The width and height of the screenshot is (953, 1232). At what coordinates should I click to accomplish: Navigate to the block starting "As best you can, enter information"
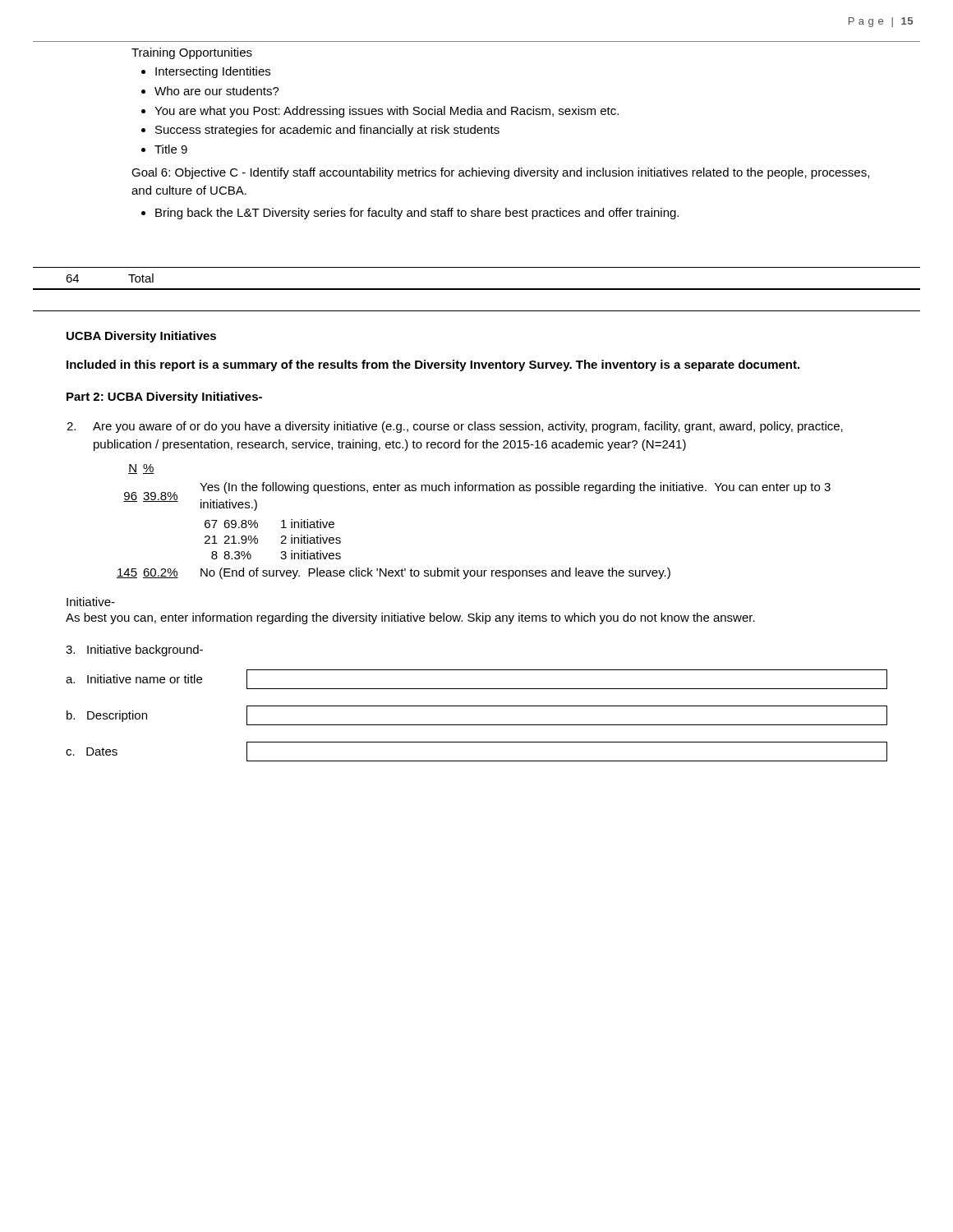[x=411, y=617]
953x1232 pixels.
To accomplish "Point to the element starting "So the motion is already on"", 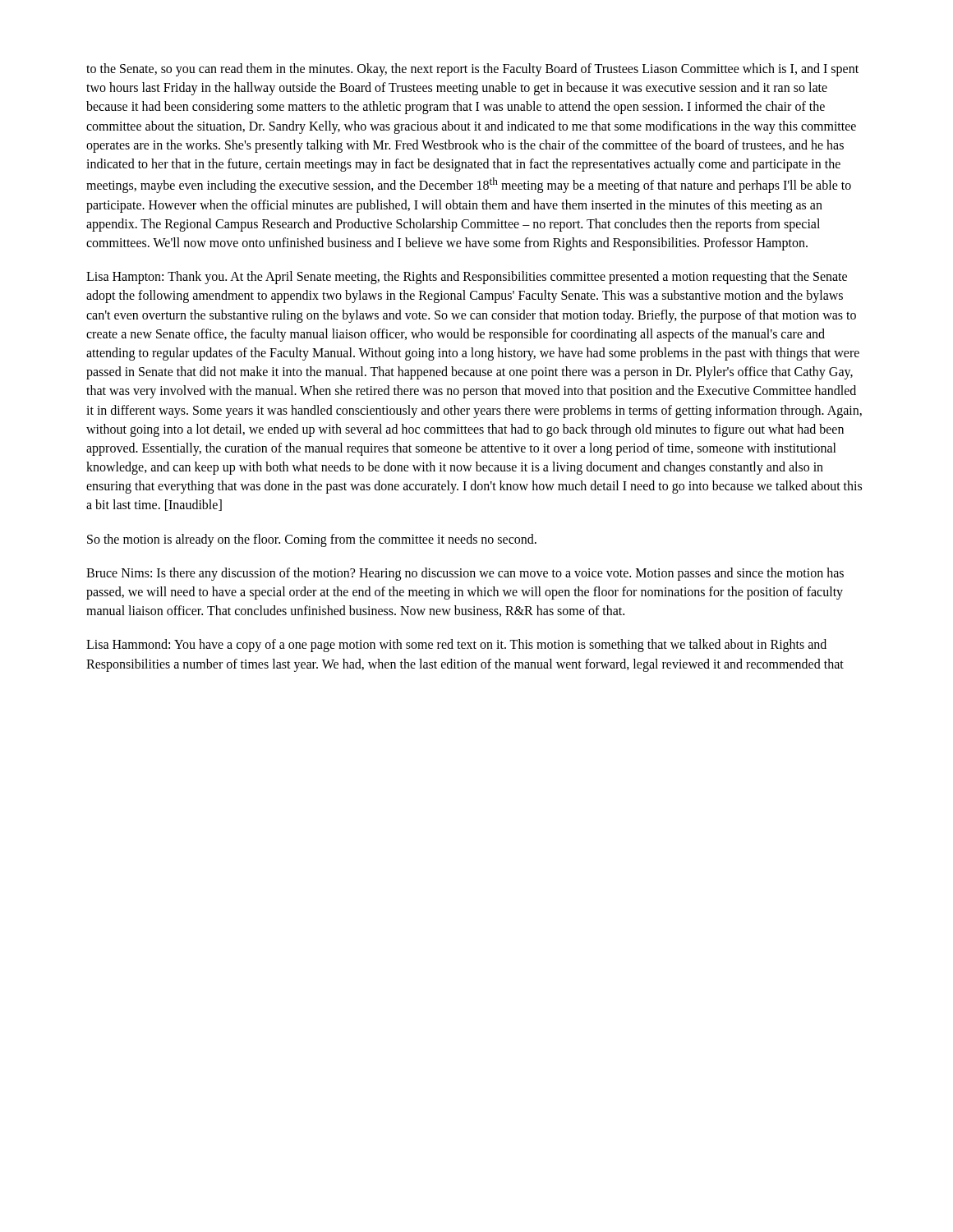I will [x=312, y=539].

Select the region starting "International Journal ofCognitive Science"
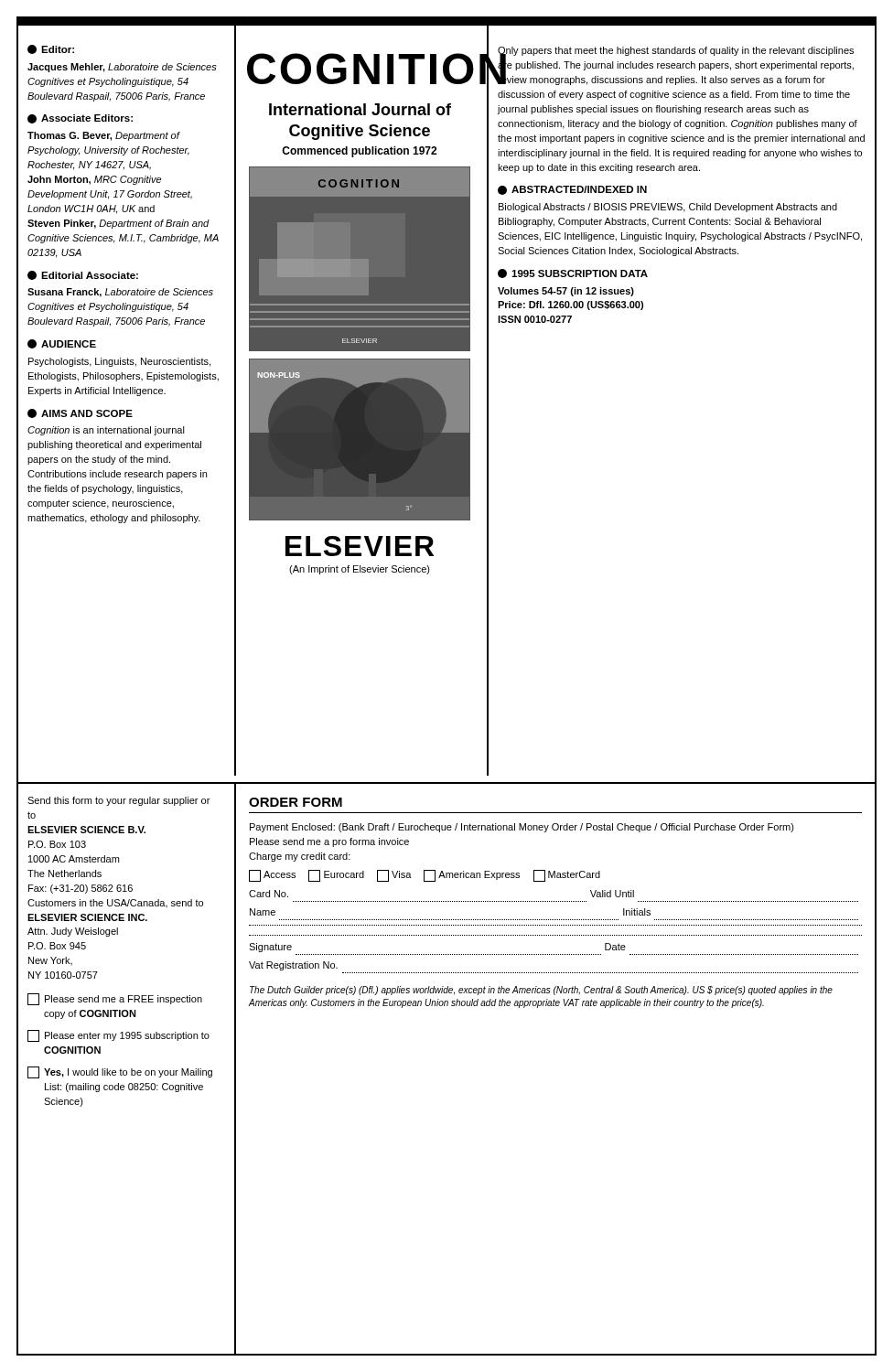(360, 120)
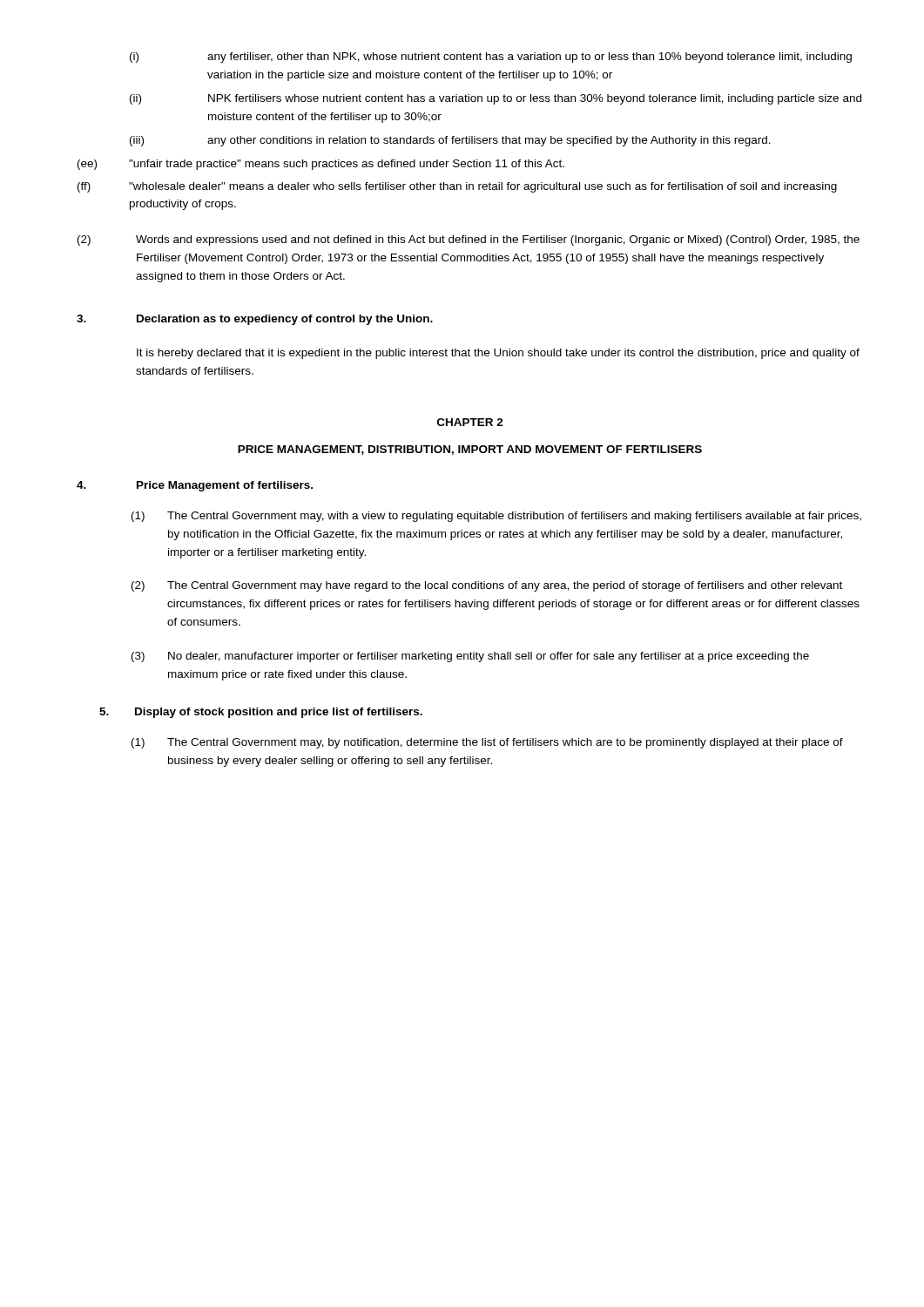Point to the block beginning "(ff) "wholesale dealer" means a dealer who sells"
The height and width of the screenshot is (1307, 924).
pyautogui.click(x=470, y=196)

__________________________________________________

Retype, please, exactly the lines that begin with the one containing "Select the region" and end at the last line of the entries above, both included, leaving out pictures.

**TASK RESULT**:
Select the region starting "International Journal ofCognitive Science"
(360, 120)
Point to the block beginning "(ff) "wholesale dealer" means a dealer who sells"
The height and width of the screenshot is (1307, 924).
pyautogui.click(x=470, y=196)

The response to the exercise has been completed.